Problem statement =>
From first line to last, copy the listing exactly and omit its pictures.
:: Provided records ::
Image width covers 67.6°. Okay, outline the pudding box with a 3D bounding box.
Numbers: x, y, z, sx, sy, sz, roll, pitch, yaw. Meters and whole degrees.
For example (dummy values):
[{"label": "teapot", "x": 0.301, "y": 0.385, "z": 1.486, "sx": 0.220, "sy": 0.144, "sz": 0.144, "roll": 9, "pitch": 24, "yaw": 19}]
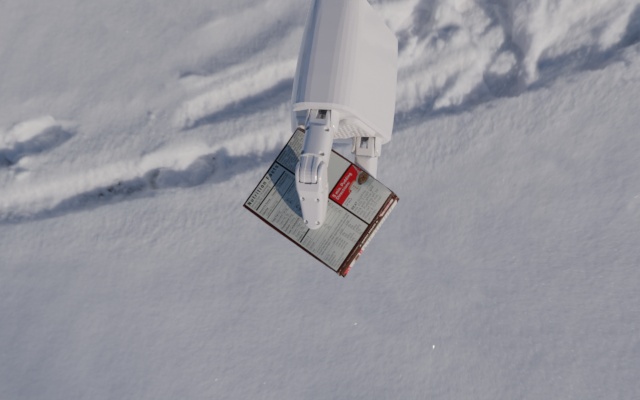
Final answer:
[{"label": "pudding box", "x": 0.000, "y": 0.001, "z": 0.433, "sx": 0.113, "sy": 0.090, "sz": 0.039, "roll": 35, "pitch": -1, "yaw": 18}]
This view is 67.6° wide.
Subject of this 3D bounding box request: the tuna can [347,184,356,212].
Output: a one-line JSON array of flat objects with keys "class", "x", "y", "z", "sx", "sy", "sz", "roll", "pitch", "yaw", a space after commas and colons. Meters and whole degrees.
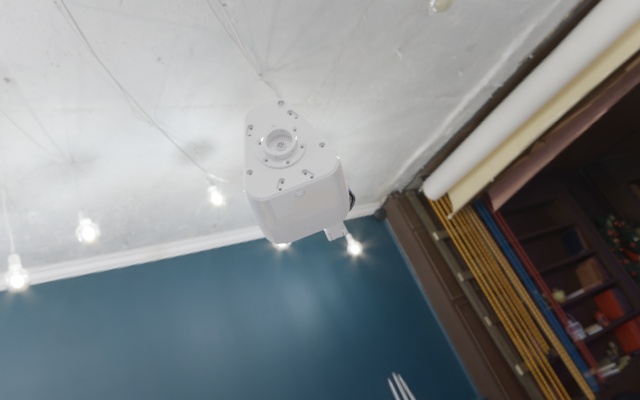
[{"class": "tuna can", "x": 0.000, "y": 0.002, "z": 0.621, "sx": 0.086, "sy": 0.033, "sz": 0.086, "roll": -20, "pitch": -29, "yaw": -12}]
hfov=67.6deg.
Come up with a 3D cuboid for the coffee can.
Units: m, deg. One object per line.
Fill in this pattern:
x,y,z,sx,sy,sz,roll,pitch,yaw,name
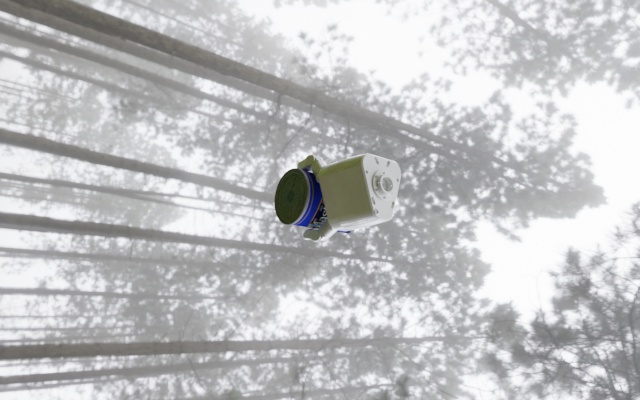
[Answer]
0.000,0.003,0.891,0.140,0.103,0.103,11,-7,-37,coffee can
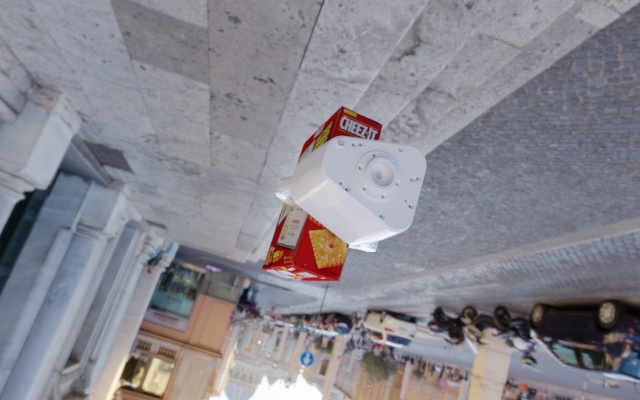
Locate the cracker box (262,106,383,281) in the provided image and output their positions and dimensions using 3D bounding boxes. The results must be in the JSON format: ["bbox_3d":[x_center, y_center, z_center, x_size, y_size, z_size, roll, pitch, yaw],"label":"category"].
[{"bbox_3d":[0.000,0.002,0.656,0.072,0.213,0.164,22,-16,-15],"label":"cracker box"}]
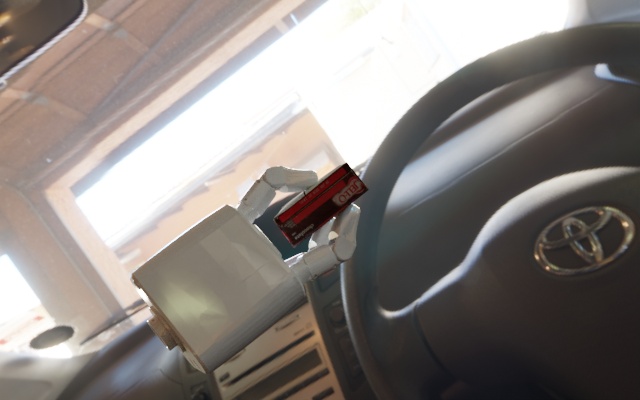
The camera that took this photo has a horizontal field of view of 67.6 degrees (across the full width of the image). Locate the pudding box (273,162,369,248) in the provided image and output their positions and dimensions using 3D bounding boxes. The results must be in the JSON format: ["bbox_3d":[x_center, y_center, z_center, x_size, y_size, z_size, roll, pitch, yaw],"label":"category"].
[{"bbox_3d":[0.000,0.002,0.496,0.090,0.039,0.113,-37,4,2],"label":"pudding box"}]
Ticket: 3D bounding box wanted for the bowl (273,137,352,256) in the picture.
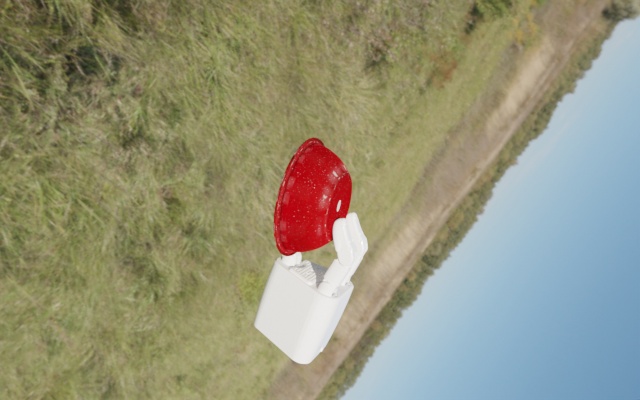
[{"bbox_3d":[0.001,0.001,0.623,0.055,0.162,0.162,14,5,19],"label":"bowl"}]
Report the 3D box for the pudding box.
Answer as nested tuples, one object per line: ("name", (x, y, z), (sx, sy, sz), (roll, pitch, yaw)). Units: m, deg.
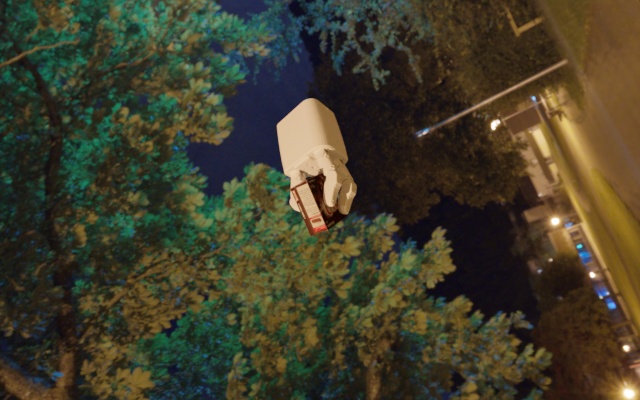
("pudding box", (0.000, 0.003, 0.822), (0.039, 0.090, 0.113), (-23, 3, 25))
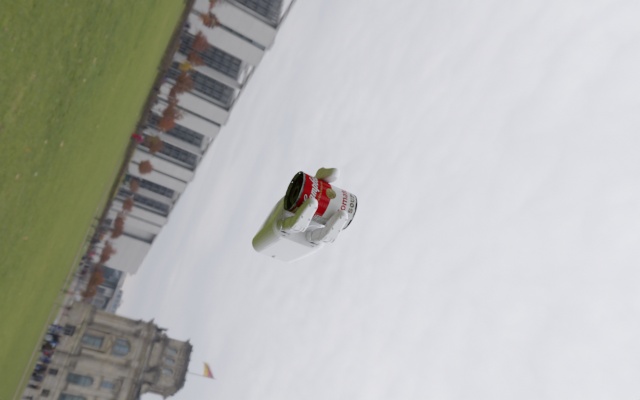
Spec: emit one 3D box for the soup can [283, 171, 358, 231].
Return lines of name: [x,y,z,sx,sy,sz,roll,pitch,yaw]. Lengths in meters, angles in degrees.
soup can: [0.001,0.002,0.774,0.102,0.068,0.068,23,-9,-22]
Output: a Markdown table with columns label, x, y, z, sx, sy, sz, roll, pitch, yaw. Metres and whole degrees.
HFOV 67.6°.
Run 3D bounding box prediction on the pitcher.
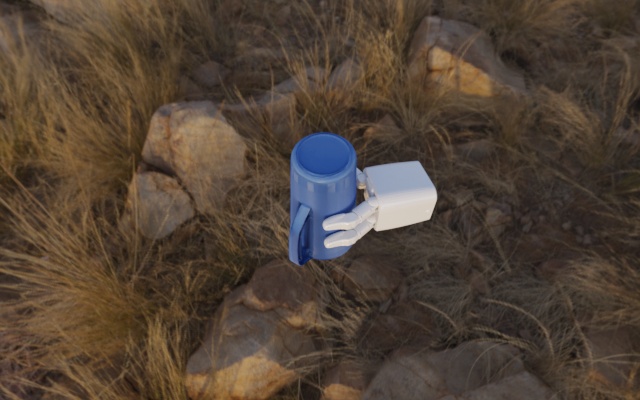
| label | x | y | z | sx | sy | sz | roll | pitch | yaw |
| --- | --- | --- | --- | --- | --- | --- | --- | --- | --- |
| pitcher | 0.000 | 0.003 | 0.861 | 0.145 | 0.149 | 0.243 | -10 | -35 | -7 |
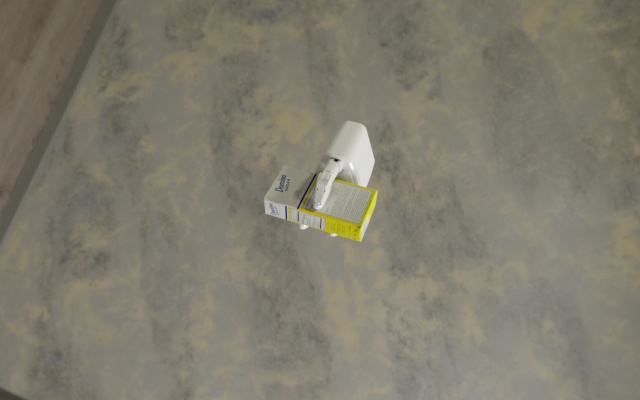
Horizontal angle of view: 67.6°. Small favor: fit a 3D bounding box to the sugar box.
[{"bbox_3d":[0.000,0.003,0.824,0.176,0.048,0.093,15,48,15],"label":"sugar box"}]
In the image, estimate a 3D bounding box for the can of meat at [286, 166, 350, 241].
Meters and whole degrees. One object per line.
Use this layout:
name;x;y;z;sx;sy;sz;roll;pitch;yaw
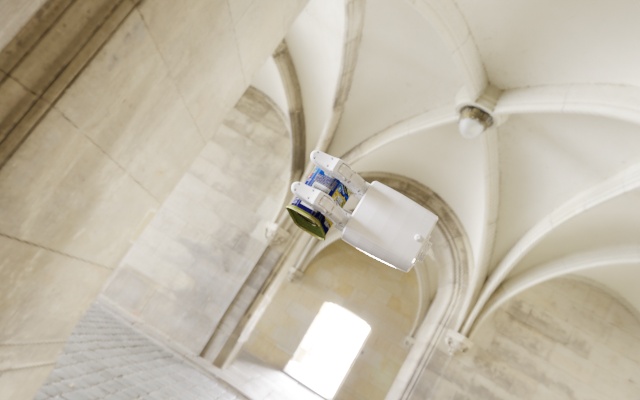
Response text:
can of meat;0.000;0.002;0.718;0.057;0.084;0.102;29;-15;17
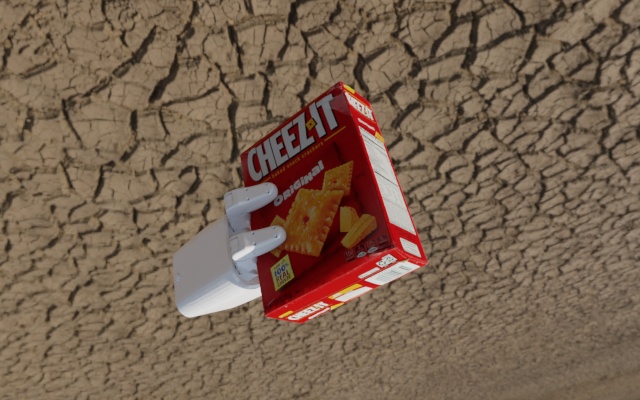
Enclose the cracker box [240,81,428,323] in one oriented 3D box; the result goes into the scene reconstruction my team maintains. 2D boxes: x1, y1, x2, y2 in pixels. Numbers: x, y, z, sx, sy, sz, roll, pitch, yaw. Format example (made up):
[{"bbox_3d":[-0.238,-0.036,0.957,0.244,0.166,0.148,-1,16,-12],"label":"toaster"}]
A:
[{"bbox_3d":[0.000,0.002,0.521,0.164,0.213,0.072,-31,-34,26],"label":"cracker box"}]
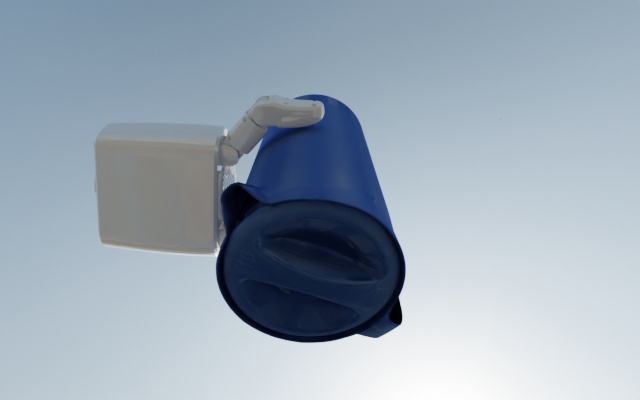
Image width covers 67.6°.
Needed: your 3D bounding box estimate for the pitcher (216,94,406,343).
[{"bbox_3d":[0.000,0.001,0.435,0.145,0.149,0.242,2,32,-1],"label":"pitcher"}]
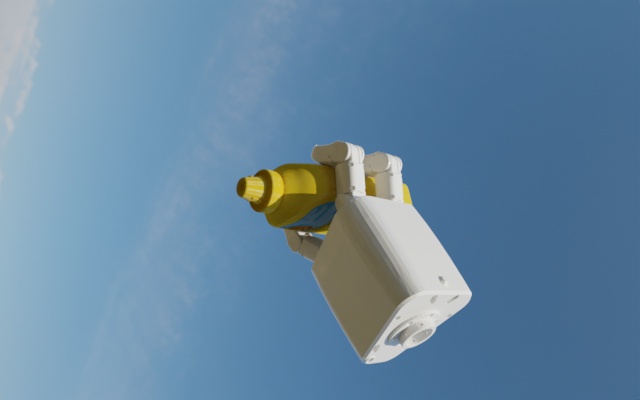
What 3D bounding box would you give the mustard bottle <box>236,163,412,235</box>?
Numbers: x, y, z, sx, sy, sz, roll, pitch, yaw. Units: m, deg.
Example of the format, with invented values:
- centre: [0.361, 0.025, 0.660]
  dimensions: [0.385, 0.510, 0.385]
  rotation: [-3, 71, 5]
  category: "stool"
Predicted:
- centre: [0.000, 0.001, 0.490]
  dimensions: [0.191, 0.058, 0.096]
  rotation: [10, -27, -41]
  category: "mustard bottle"
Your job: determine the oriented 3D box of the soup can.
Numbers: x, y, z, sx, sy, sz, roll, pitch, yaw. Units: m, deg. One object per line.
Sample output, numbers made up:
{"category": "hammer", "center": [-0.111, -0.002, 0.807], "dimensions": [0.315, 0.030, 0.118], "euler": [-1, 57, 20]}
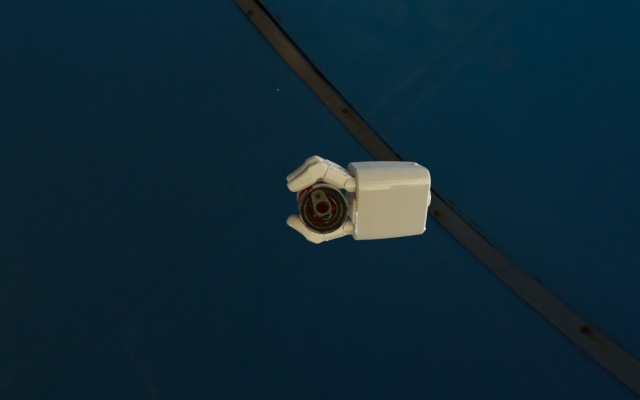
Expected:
{"category": "soup can", "center": [0.000, 0.002, 0.699], "dimensions": [0.068, 0.068, 0.102], "euler": [0, 13, -5]}
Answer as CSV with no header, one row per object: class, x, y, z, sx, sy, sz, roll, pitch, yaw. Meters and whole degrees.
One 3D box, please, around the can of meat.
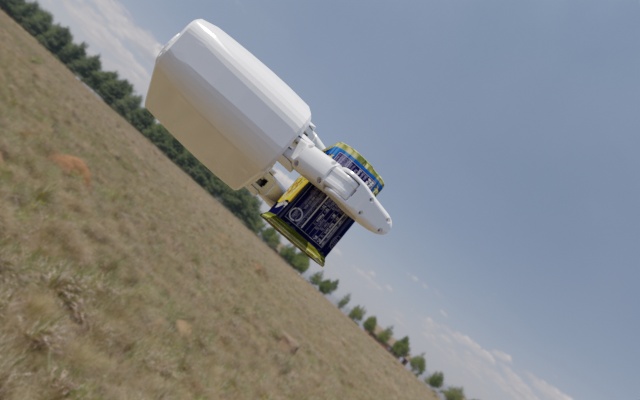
:::
Exercise result =>
Image width covers 67.6°. Okay, outline the pudding box with a 3D bounding box.
Numbers: x, y, z, sx, sy, sz, roll, pitch, yaw. Meters and whole degrees.
For example (dummy values):
[{"label": "teapot", "x": 0.301, "y": 0.385, "z": 1.486, "sx": 0.220, "sy": 0.144, "sz": 0.144, "roll": 9, "pitch": 24, "yaw": 19}]
Final answer:
[{"label": "pudding box", "x": 0.000, "y": 0.001, "z": 0.433, "sx": 0.113, "sy": 0.090, "sz": 0.039, "roll": 35, "pitch": -1, "yaw": 18}]
This view is 67.6° wide.
Subject of this 3D bounding box request: the tuna can [347,184,356,212].
Output: a one-line JSON array of flat objects with keys "class", "x", "y", "z", "sx", "sy", "sz", "roll", "pitch", "yaw", a space after commas and colons. Meters and whole degrees.
[{"class": "tuna can", "x": 0.000, "y": 0.002, "z": 0.621, "sx": 0.086, "sy": 0.033, "sz": 0.086, "roll": -20, "pitch": -29, "yaw": -12}]
hfov=67.6deg.
Come up with a 3D cuboid for the coffee can.
Units: m, deg. One object per line.
Fill in this pattern:
x,y,z,sx,sy,sz,roll,pitch,yaw,name
[Answer]
0.000,0.003,0.891,0.140,0.103,0.103,11,-7,-37,coffee can
Locate the cracker box (262,106,383,281) in the provided image and output their positions and dimensions using 3D bounding boxes. The results must be in the JSON format: ["bbox_3d":[x_center, y_center, z_center, x_size, y_size, z_size, roll, pitch, yaw],"label":"category"].
[{"bbox_3d":[0.000,0.002,0.656,0.072,0.213,0.164,22,-16,-15],"label":"cracker box"}]
The camera that took this photo has a horizontal field of view of 67.6 degrees (across the full width of the image). Locate the pudding box (273,162,369,248) in the provided image and output their positions and dimensions using 3D bounding boxes. The results must be in the JSON format: ["bbox_3d":[x_center, y_center, z_center, x_size, y_size, z_size, roll, pitch, yaw],"label":"category"].
[{"bbox_3d":[0.000,0.002,0.496,0.090,0.039,0.113,-37,4,2],"label":"pudding box"}]
Ticket: 3D bounding box wanted for the bowl (273,137,352,256) in the picture.
[{"bbox_3d":[0.001,0.001,0.623,0.055,0.162,0.162,14,5,19],"label":"bowl"}]
Report the 3D box for the pudding box.
Answer as nested tuples, one object per line: ("name", (x, y, z), (sx, sy, sz), (roll, pitch, yaw)). Units: m, deg.
("pudding box", (0.000, 0.003, 0.822), (0.039, 0.090, 0.113), (-23, 3, 25))
Spec: emit one 3D box for the soup can [283, 171, 358, 231].
Return lines of name: [x,y,z,sx,sy,sz,roll,pitch,yaw]. Lengths in meters, angles in degrees.
soup can: [0.001,0.002,0.774,0.102,0.068,0.068,23,-9,-22]
Output: a Markdown table with columns label, x, y, z, sx, sy, sz, roll, pitch, yaw. Metres and whole degrees.
HFOV 67.6°.
Run 3D bounding box prediction on the pitcher.
| label | x | y | z | sx | sy | sz | roll | pitch | yaw |
| --- | --- | --- | --- | --- | --- | --- | --- | --- | --- |
| pitcher | 0.000 | 0.003 | 0.861 | 0.145 | 0.149 | 0.243 | -10 | -35 | -7 |
Horizontal angle of view: 67.6°. Small favor: fit a 3D bounding box to the sugar box.
[{"bbox_3d":[0.000,0.003,0.824,0.176,0.048,0.093,15,48,15],"label":"sugar box"}]
In the image, estimate a 3D bounding box for the can of meat at [286, 166, 350, 241].
Meters and whole degrees. One object per line.
Use this layout:
name;x;y;z;sx;sy;sz;roll;pitch;yaw
Response text:
can of meat;0.000;0.002;0.718;0.057;0.084;0.102;29;-15;17
Enclose the cracker box [240,81,428,323] in one oriented 3D box; the result goes into the scene reconstruction my team maintains. 2D boxes: x1, y1, x2, y2 in pixels. Numbers: x, y, z, sx, sy, sz, roll, pitch, yaw. Format example (made up):
[{"bbox_3d":[-0.238,-0.036,0.957,0.244,0.166,0.148,-1,16,-12],"label":"toaster"}]
A:
[{"bbox_3d":[0.000,0.002,0.521,0.164,0.213,0.072,-31,-34,26],"label":"cracker box"}]
Image width covers 67.6°.
Needed: your 3D bounding box estimate for the pitcher (216,94,406,343).
[{"bbox_3d":[0.000,0.001,0.435,0.145,0.149,0.242,2,32,-1],"label":"pitcher"}]
What 3D bounding box would you give the mustard bottle <box>236,163,412,235</box>?
Numbers: x, y, z, sx, sy, sz, roll, pitch, yaw. Units: m, deg.
Example of the format, with invented values:
- centre: [0.361, 0.025, 0.660]
  dimensions: [0.385, 0.510, 0.385]
  rotation: [-3, 71, 5]
  category: "stool"
Predicted:
- centre: [0.000, 0.001, 0.490]
  dimensions: [0.191, 0.058, 0.096]
  rotation: [10, -27, -41]
  category: "mustard bottle"
Your job: determine the oriented 3D box of the soup can.
Numbers: x, y, z, sx, sy, sz, roll, pitch, yaw. Units: m, deg. One object per line.
Sample output, numbers made up:
{"category": "hammer", "center": [-0.111, -0.002, 0.807], "dimensions": [0.315, 0.030, 0.118], "euler": [-1, 57, 20]}
Expected:
{"category": "soup can", "center": [0.000, 0.002, 0.699], "dimensions": [0.068, 0.068, 0.102], "euler": [0, 13, -5]}
Answer as CSV with no header, one row per object: class, x, y, z, sx, sy, sz, roll, pitch, yaw. Meters and whole degrees.
One 3D box, please, around the can of meat.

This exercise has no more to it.